Convex Computations for Controlled Safety Invariant Sets of Black-box Discrete-time Dynamical Systems
Pith reviewed 2026-05-22 22:00 UTC · model grok-4.3
The pith
Barrier functions and scenario optimization reduce computation of Probably Approximately Correct controlled safety invariant sets to a linear program for unknown discrete-time dynamics.
A machine-rendered reading of the paper's core claim, the machinery that carries it, and where it could break.
Core claim
A PAC CSIS exists when, with prescribed probability, at least a specified fraction of states inside the set admit a control input that keeps the next state inside the set; barrier functions convert this condition into polynomial inequalities, and scenario optimization converts the resulting semi-infinite program into a finite linear program solvable from finite simulation data alone.
What carries the argument
Barrier-function encoding of the PAC controlled-invariance condition together with scenario optimization that produces a linear program from sampled transitions.
If this is right
- Safety verification becomes possible for systems whose equations are unavailable but whose trajectories can be simulated.

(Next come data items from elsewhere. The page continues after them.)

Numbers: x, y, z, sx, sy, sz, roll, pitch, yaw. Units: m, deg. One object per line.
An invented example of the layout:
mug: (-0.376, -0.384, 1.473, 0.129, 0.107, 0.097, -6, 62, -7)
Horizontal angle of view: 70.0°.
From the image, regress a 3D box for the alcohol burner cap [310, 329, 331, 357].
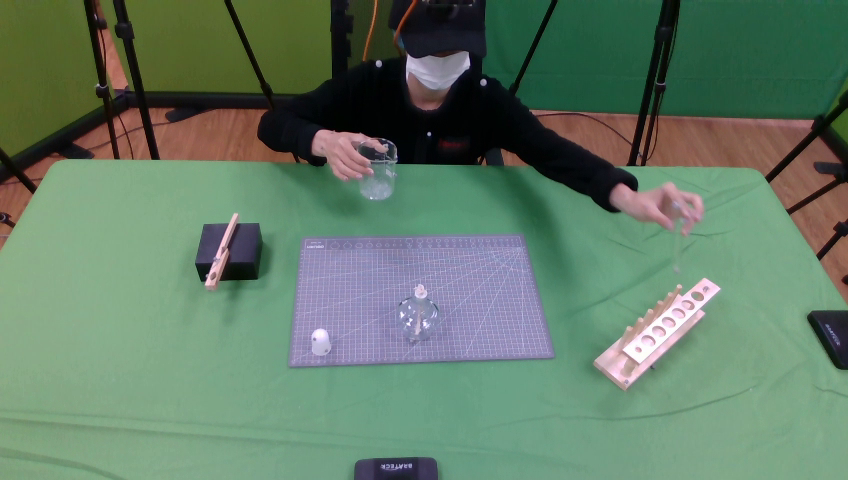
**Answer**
alcohol burner cap: (-0.173, 0.168, 1.005, 0.034, 0.048, 0.033, 2, 46, -2)

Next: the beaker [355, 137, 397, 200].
beaker: (-0.089, -0.131, 1.141, 0.083, 0.101, 0.074, 28, 47, 20)

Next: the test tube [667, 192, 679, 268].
test tube: (0.392, -0.012, 0.955, 0.017, 0.151, 0.017, -11, 39, 9)

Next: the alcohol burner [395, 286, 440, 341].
alcohol burner: (-0.010, 0.116, 1.018, 0.078, 0.119, 0.077, 3, 47, -3)

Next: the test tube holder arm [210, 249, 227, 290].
test tube holder arm: (-0.359, 0.050, 1.059, 0.010, 0.015, 0.087, 8, 45, -8)

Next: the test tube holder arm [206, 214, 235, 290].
test tube holder arm: (-0.365, 0.017, 1.090, 0.013, 0.015, 0.177, 7, 45, -8)

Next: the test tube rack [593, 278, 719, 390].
test tube rack: (0.401, 0.148, 1.043, 0.242, 0.085, 0.066, -30, 55, -29)
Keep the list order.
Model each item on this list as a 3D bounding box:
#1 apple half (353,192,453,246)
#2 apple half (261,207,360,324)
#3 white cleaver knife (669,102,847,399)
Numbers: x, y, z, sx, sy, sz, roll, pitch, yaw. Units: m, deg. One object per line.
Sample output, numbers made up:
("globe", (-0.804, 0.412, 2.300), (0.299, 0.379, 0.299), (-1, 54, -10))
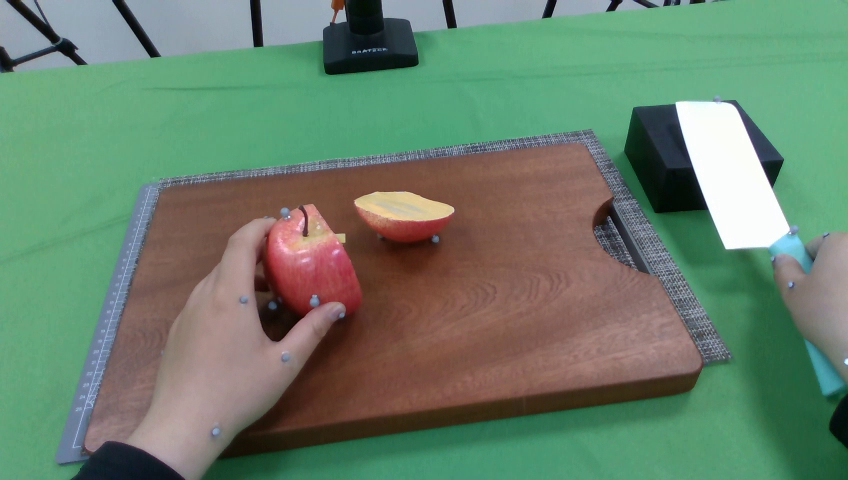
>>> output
("apple half", (-0.020, -0.012, 0.483), (0.081, 0.033, 0.081), (7, 21, -2))
("apple half", (-0.084, 0.024, 0.425), (0.053, 0.075, 0.080), (-27, 51, -17))
("white cleaver knife", (0.261, -0.010, 0.484), (0.066, 0.022, 0.283), (-9, 54, 6))
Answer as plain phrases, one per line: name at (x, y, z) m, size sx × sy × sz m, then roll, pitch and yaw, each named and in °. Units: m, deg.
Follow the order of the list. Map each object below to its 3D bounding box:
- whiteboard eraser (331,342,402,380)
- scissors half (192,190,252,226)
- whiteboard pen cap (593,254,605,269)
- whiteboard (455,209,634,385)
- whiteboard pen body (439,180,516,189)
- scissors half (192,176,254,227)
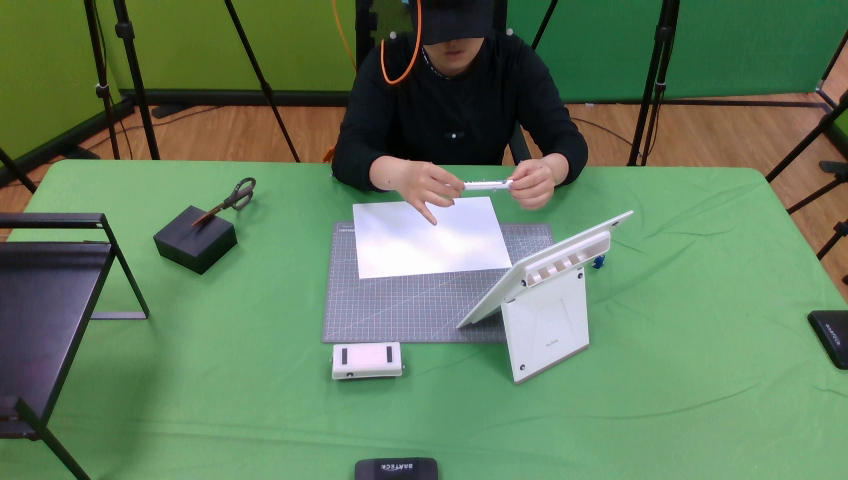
whiteboard eraser at (-0.094, 0.198, 0.986) m, size 0.113 × 0.042 × 0.055 m, roll -2°, pitch 44°, yaw -6°
scissors half at (-0.393, -0.060, 1.187) m, size 0.013 × 0.040 × 0.175 m, roll 25°, pitch 29°, yaw 12°
whiteboard pen cap at (0.341, 0.041, 1.179) m, size 0.018 × 0.033 × 0.018 m, roll 1°, pitch 45°, yaw -1°
whiteboard at (0.211, 0.111, 0.955) m, size 0.217 × 0.306 × 0.143 m, roll -21°, pitch 71°, yaw -23°
whiteboard pen body at (0.096, -0.099, 1.084) m, size 0.141 × 0.017 × 0.017 m, roll -1°, pitch 46°, yaw -9°
scissors half at (-0.388, -0.075, 1.174) m, size 0.013 × 0.040 × 0.174 m, roll 29°, pitch 47°, yaw 8°
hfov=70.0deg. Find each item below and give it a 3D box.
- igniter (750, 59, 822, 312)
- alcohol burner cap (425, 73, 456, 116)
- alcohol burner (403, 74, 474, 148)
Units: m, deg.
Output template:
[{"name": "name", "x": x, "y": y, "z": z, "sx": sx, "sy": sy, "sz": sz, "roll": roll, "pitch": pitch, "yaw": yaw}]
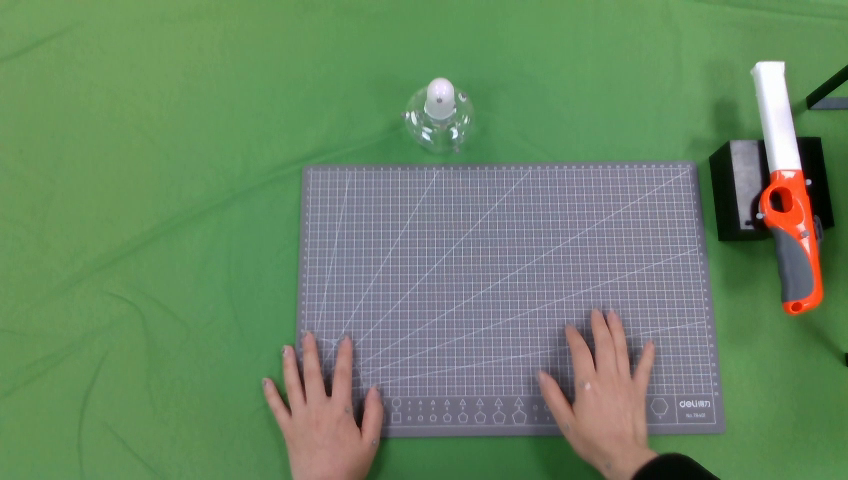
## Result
[{"name": "igniter", "x": 0.374, "y": -0.062, "z": 0.630, "sx": 0.057, "sy": 0.025, "sz": 0.275, "roll": 0, "pitch": 75, "yaw": 1}, {"name": "alcohol burner cap", "x": 0.017, "y": -0.151, "z": 0.618, "sx": 0.034, "sy": 0.048, "sz": 0.033, "roll": 0, "pitch": 79, "yaw": 1}, {"name": "alcohol burner", "x": 0.016, "y": -0.144, "z": 0.648, "sx": 0.078, "sy": 0.119, "sz": 0.077, "roll": 0, "pitch": 78, "yaw": 2}]
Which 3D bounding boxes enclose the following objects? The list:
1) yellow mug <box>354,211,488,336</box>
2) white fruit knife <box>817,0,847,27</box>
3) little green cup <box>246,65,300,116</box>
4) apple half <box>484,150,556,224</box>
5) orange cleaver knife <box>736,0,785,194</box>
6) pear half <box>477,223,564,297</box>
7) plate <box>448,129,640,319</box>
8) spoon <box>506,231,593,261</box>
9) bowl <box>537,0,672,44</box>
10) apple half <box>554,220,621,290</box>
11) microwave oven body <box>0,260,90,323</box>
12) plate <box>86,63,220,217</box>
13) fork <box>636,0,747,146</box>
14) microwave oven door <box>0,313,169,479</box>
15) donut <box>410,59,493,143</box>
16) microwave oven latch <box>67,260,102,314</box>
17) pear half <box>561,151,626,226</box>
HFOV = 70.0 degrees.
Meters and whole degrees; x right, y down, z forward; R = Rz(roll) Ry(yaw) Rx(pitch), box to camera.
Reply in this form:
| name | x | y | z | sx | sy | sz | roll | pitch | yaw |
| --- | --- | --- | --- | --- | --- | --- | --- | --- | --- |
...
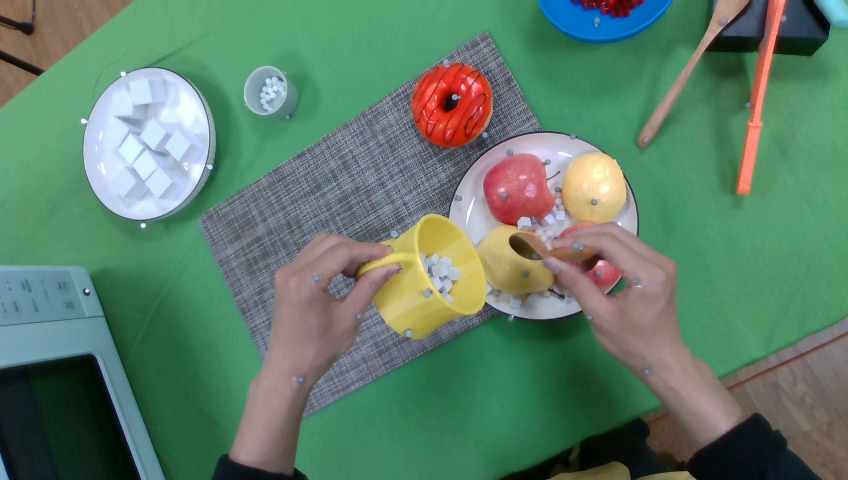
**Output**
| name | x | y | z | sx | sy | sz | roll | pitch | yaw |
| --- | --- | --- | --- | --- | --- | --- | --- | --- | --- |
| yellow mug | -0.007 | 0.029 | 0.546 | 0.064 | 0.132 | 0.099 | -30 | 64 | 33 |
| white fruit knife | 0.352 | -0.288 | 0.579 | 0.027 | 0.016 | 0.206 | -23 | 79 | -15 |
| little green cup | -0.191 | -0.188 | 0.776 | 0.061 | 0.039 | 0.061 | -1 | 88 | 17 |
| apple half | 0.103 | -0.058 | 0.664 | 0.074 | 0.053 | 0.080 | -12 | 89 | 17 |
| orange cleaver knife | 0.332 | -0.152 | 0.598 | 0.012 | 0.077 | 0.213 | 8 | 117 | 22 |
| pear half | 0.109 | 0.029 | 0.664 | 0.109 | 0.056 | 0.076 | 35 | 102 | 8 |
| plate | 0.130 | -0.017 | 0.673 | 0.208 | 0.038 | 0.209 | -1 | 88 | 16 |
| spoon | 0.107 | 0.008 | 0.524 | 0.042 | 0.193 | 0.021 | 36 | 90 | -6 |
| bowl | 0.194 | -0.275 | 0.644 | 0.151 | 0.077 | 0.151 | 0 | 89 | 16 |
| apple half | 0.166 | 0.018 | 0.645 | 0.081 | 0.033 | 0.081 | 6 | 100 | 39 |
| microwave oven body | -0.557 | 0.287 | 0.753 | 0.326 | 0.261 | 0.440 | -27 | 82 | 14 |
| plate | -0.364 | -0.133 | 0.826 | 0.207 | 0.039 | 0.207 | 0 | 89 | 17 |
| fork | 0.274 | -0.186 | 0.613 | 0.028 | 0.018 | 0.208 | 30 | 117 | 7 |
| microwave oven door | -0.415 | 0.261 | 0.706 | 0.039 | 0.245 | 0.354 | -27 | 81 | 14 |
| donut | 0.032 | -0.160 | 0.702 | 0.098 | 0.048 | 0.099 | 0 | 90 | 19 |
| microwave oven latch | -0.474 | 0.067 | 0.834 | 0.030 | 0.029 | 0.079 | -24 | 83 | 14 |
| pear half | 0.176 | -0.051 | 0.646 | 0.070 | 0.031 | 0.088 | 4 | 100 | 39 |
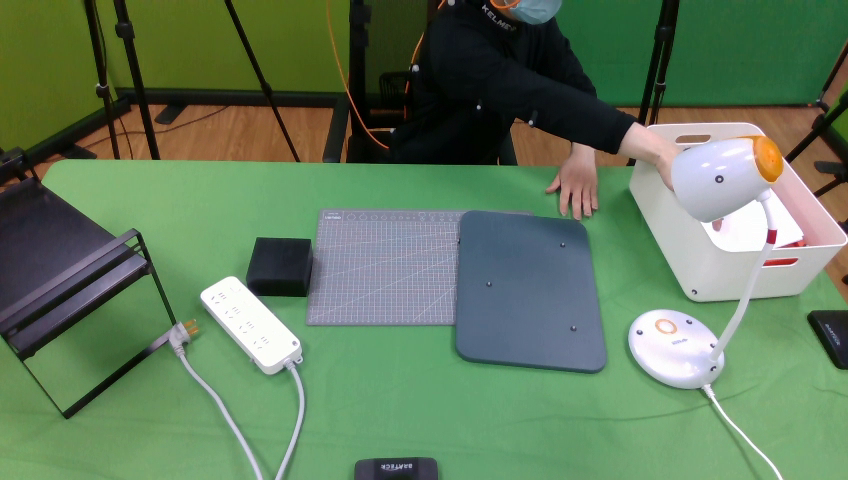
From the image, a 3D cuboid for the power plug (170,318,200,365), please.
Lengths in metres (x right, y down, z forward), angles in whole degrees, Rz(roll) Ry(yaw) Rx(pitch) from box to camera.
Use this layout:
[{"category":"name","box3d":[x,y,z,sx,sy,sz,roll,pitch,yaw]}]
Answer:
[{"category":"power plug","box3d":[-0.392,0.167,1.013,0.052,0.035,0.072,-31,89,-23]}]

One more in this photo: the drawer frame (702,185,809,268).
[{"category":"drawer frame","box3d":[0.584,-0.023,1.160,0.202,0.083,0.212,-12,56,2]}]

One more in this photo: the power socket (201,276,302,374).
[{"category":"power socket","box3d":[-0.297,0.141,1.034,0.072,0.033,0.225,-34,58,-30]}]

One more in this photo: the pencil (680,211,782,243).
[{"category":"pencil","box3d":[0.599,-0.027,1.185,0.194,0.012,0.012,18,48,10]}]

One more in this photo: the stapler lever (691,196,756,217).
[{"category":"stapler lever","box3d":[0.586,-0.066,1.184,0.118,0.040,0.026,2,59,13]}]

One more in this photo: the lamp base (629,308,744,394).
[{"category":"lamp base","box3d":[0.446,0.139,0.987,0.161,0.181,0.178,-18,53,-20]}]

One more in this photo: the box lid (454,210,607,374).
[{"category":"box lid","box3d":[0.194,0.080,1.142,0.263,0.015,0.369,6,47,0]}]

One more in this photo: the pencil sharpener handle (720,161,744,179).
[{"category":"pencil sharpener handle","box3d":[0.667,-0.147,1.299,0.031,0.068,0.036,-8,80,-12]}]

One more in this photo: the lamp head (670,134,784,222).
[{"category":"lamp head","box3d":[0.422,-0.089,0.829,0.113,0.123,0.112,8,74,-32]}]

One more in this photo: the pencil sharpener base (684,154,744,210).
[{"category":"pencil sharpener base","box3d":[0.619,-0.124,1.293,0.077,0.107,0.061,-8,48,-12]}]

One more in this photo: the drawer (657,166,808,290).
[{"category":"drawer","box3d":[0.582,-0.025,1.162,0.194,0.073,0.210,-12,55,3]}]

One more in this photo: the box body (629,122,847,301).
[{"category":"box body","box3d":[0.593,-0.062,1.202,0.254,0.161,0.361,-3,47,-7]}]

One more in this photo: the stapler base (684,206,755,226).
[{"category":"stapler base","box3d":[0.588,-0.052,1.204,0.130,0.024,0.041,2,59,11]}]
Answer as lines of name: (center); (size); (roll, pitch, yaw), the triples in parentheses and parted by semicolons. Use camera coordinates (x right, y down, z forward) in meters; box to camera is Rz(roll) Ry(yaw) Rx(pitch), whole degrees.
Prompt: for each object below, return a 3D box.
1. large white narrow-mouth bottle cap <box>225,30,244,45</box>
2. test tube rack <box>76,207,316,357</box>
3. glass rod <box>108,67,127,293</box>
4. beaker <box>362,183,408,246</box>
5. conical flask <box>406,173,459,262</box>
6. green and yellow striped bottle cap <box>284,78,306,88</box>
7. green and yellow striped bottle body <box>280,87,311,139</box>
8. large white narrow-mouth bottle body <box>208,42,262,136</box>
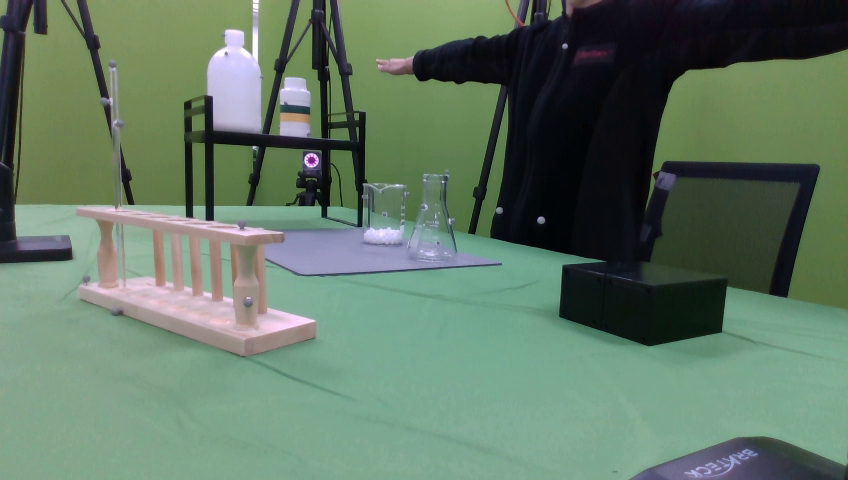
large white narrow-mouth bottle cap: (-0.365, -0.390, 1.166); (0.038, 0.024, 0.037); (2, 9, 0)
test tube rack: (-0.196, 0.023, 0.500); (0.241, 0.085, 0.067); (8, 9, 36)
glass rod: (-0.268, -0.050, 0.527); (0.008, 0.199, 0.008); (-1, 3, 0)
beaker: (-0.066, -0.043, 0.996); (0.074, 0.100, 0.084); (3, 8, 6)
conical flask: (0.014, -0.033, 0.851); (0.075, 0.122, 0.075); (2, 7, 0)
green and yellow striped bottle cap: (-0.268, -0.325, 1.259); (0.045, 0.020, 0.045); (5, 8, 0)
green and yellow striped bottle body: (-0.269, -0.274, 1.266); (0.063, 0.119, 0.063); (3, 7, 0)
large white narrow-mouth bottle body: (-0.369, -0.304, 1.181); (0.102, 0.194, 0.101); (2, 9, 0)
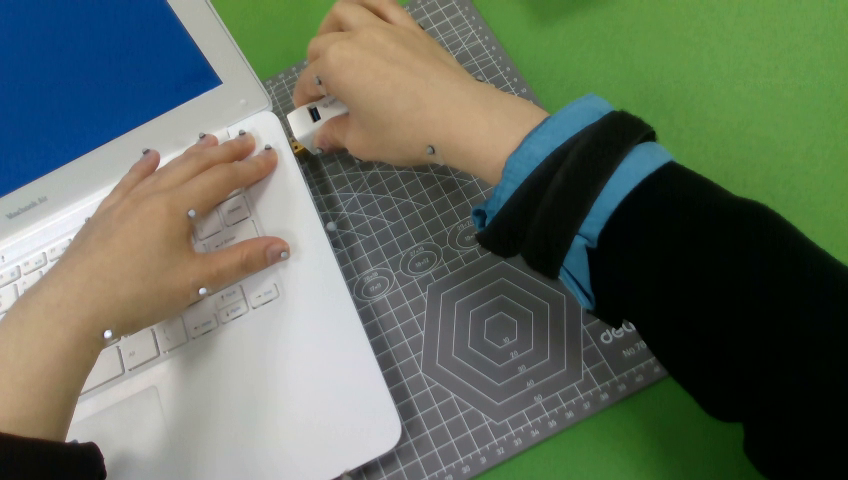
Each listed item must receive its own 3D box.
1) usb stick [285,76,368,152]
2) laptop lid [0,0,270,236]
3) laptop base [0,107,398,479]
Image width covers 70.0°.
[{"bbox_3d":[-0.067,-0.075,0.380,0.059,0.027,0.021,-30,64,11],"label":"usb stick"},{"bbox_3d":[-0.299,-0.093,0.337,0.357,0.244,0.013,-27,41,3],"label":"laptop lid"},{"bbox_3d":[-0.211,0.083,0.369,0.354,0.023,0.233,-26,69,2],"label":"laptop base"}]
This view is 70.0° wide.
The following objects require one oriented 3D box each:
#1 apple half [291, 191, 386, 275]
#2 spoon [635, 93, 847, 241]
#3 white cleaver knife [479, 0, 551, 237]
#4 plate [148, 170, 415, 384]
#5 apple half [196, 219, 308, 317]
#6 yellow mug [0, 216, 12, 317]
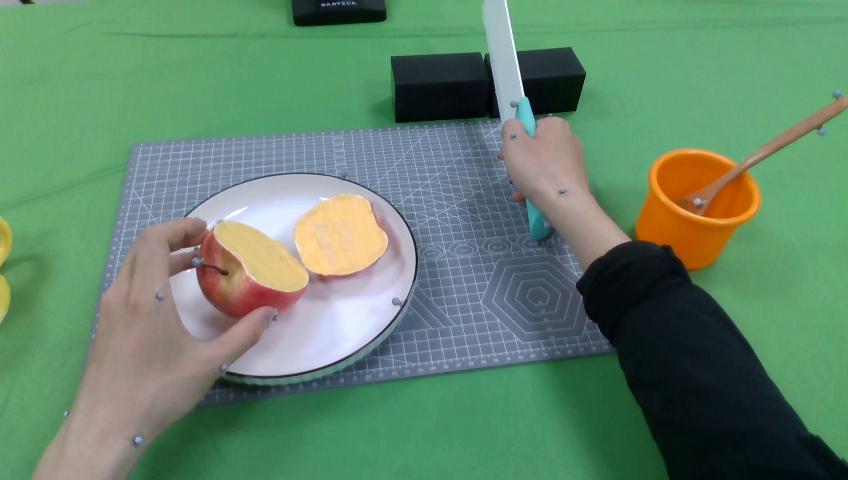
[{"bbox_3d":[-0.072,0.000,0.513,0.081,0.033,0.080,-1,63,2],"label":"apple half"},{"bbox_3d":[0.268,-0.060,0.520,0.022,0.194,0.041,28,33,-40],"label":"spoon"},{"bbox_3d":[0.085,-0.136,0.593,0.021,0.066,0.284,-2,69,-12],"label":"white cleaver knife"},{"bbox_3d":[-0.111,0.027,0.495,0.209,0.038,0.207,2,50,-2],"label":"plate"},{"bbox_3d":[-0.135,0.028,0.462,0.080,0.053,0.075,40,16,12],"label":"apple half"},{"bbox_3d":[-0.378,0.027,0.465,0.099,0.064,0.130,22,51,14],"label":"yellow mug"}]
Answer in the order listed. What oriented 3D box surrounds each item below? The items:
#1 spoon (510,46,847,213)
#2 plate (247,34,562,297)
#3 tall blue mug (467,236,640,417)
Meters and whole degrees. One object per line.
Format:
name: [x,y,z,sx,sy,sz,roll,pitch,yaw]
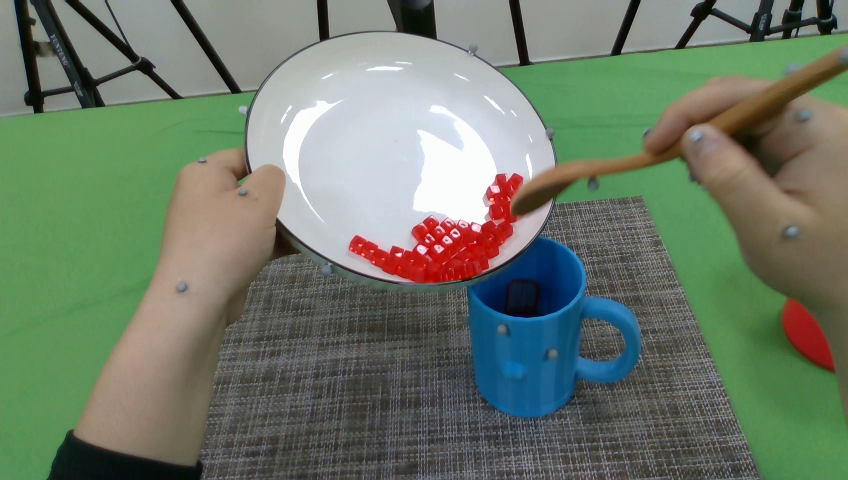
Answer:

- The resulting sets come with explicit probabilistic guarantees rather than requiring deterministic invariance for every state.
- The linear-program formulation scales with the number of samples rather than the dimension of the state space in a combinatorial way.
- The same pipeline can be rerun whenever new simulation data arrive, yielding updated PAC sets without re-deriving analytic models.
Where Pith is reading between the lines
- The method could be combined with model-predictive control by treating the computed PAC set as a terminal constraint.
- If the barrier degree is increased, the same scenario-optimization template may produce tighter PAC sets at the cost of larger LPs.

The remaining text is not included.